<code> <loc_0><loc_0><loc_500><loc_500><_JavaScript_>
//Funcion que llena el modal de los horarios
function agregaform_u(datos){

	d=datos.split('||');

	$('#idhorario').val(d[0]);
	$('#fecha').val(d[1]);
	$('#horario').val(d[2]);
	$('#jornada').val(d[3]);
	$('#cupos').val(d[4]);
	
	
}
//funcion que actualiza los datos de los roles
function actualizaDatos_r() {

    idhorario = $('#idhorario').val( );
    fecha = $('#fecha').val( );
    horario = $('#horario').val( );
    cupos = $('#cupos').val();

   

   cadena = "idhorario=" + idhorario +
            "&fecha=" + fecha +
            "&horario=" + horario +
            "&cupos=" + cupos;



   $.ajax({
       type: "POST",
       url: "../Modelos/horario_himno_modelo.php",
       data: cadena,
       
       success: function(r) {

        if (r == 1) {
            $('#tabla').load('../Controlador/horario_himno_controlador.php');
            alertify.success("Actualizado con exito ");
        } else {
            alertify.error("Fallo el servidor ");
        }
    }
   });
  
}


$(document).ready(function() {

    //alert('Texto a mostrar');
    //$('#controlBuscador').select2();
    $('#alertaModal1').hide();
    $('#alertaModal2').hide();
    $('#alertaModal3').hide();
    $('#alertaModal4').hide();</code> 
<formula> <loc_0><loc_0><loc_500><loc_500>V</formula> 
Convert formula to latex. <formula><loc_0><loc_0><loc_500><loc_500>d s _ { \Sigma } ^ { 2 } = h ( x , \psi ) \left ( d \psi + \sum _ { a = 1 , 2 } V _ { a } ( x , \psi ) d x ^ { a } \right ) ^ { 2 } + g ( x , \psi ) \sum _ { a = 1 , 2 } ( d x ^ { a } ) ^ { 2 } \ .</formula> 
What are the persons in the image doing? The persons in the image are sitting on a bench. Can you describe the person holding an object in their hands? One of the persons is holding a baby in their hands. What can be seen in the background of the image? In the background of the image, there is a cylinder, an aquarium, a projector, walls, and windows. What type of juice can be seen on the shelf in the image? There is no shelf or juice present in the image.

====

**Your objective**
Read through the data above. Report each line that has the word "idhorario".

**Solution to this task**
	$('#idhorario').val(d[0]);
    idhorario = $('#idhorario').val( );
   cadena = "idhorario=" + idhorario +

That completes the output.